I knew I wanted real consulting experience. But with most firms only recruiting interns from the third year, and me being 19, I am technically and very obviously not eligible. I could’ve waited. But that’s not really my style. So I decided to build my own internship. One that would get me closer to the industry, let me ask the questions that actually mattered, and hopefully learn A LOT. And also, more importantly, because I’m not entirely sure what I’m racing toward still exists by the time I graduate.
Okay, look, I’m 19. I’ll (grudgingly) admit I don’t know everything. My dad likes to say I know nothing… except how to sound like I do. And honestly? Fair enough. I’m just getting started, and since “AI and consulting” wasn’t exactly a course on my business school schedule, I won’t pretend to have all the answers.
But if I want to bring real value to these consulting firms, I need to understand what they actually need. Not just what they say in interviews or put on their websites, but what’s keeping them up at night. What they’re worried about. What they’re not quite sure how to solve. I want to be a consultant to the consultants. I want this project to surprise them. To say something they haven’t already heard a hundred times before.
AI is evolving faster than anyone predicted replacing not just repetitive work, but the kind of thinking and analysis that consultants are known (and paid) for. Consulting is built on being the smartest person in the room. But what happens when the room suddenly fills with AI tools that can do 80% of your work before you even open your laptop?
No one knows exactly how the industry is evolving, but here are some of my slightly uneducated thoughts and questions at the start of this project:
AI is speeding up. It’s already changing how firms analyze data, write proposals, even do parts of strategy work. And if tech can do 40% of a project in half the time, what does that mean for billable hours?
Clients are getting smarter. Companies aren’t just outsourcing thinking anymore they want real, collaborative insight. The old model of handing over a shiny PDF might not hold up when people are bruilding real internal competence.
I know that consultantants often work in team models, how is this being challanged?
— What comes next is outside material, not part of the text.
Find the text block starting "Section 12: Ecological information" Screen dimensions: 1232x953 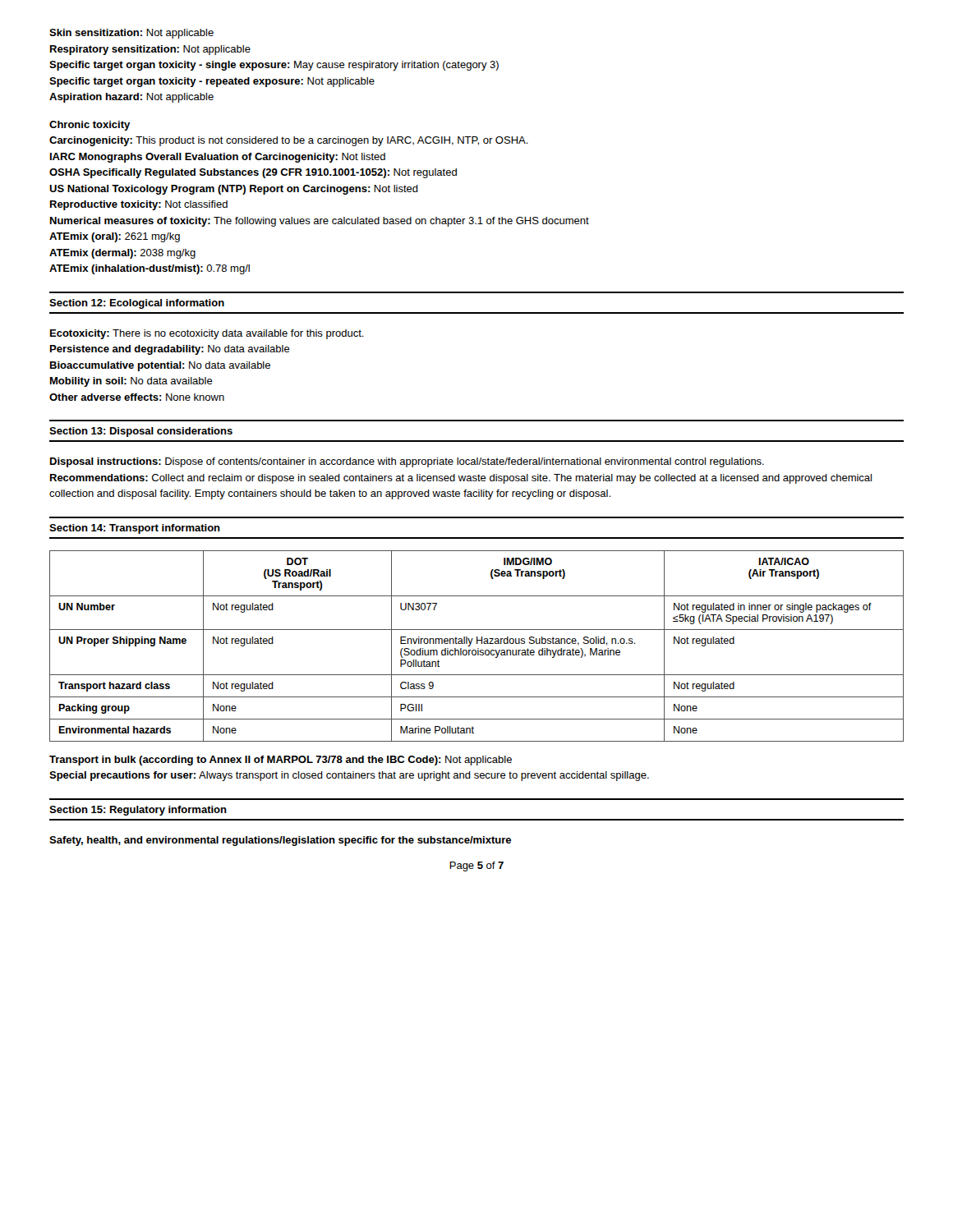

Why hire a team of generalists when you can get a specialist with an AI assistant? Or just the AI?
CONSULTANTS ARE TOO EXPENSIVE? Everyone wants more for less. And consultancies are having to prove value more than ever, but what is this?
All of this makes one thing clear: the consulting industry is going to change fast.
And for me, as someone who wants to be part of it, I keep asking: How do I make sure I’m still valuable? What will matter more in the future; deep human insight? Creativity? Speed? Judgment? Or something else entirely?
That’s what I’m trying to figure out.
When I meet with CEOs, I don’t just want to know whether they’ll still value consultants, I want to understand how that value is changing. What are they still willing to pay for? What do they no longer need? And why? If I can understand what today’s clients are worried about, I’ll be a lot closer to understanding the future I’m walking into and whether there’s a place for me in it!
More soon,
Thanks for being part of the journey.
See you soon,
-June
P.S. People often think I’m exaggerating when I say I dreamed of working in business as a kid.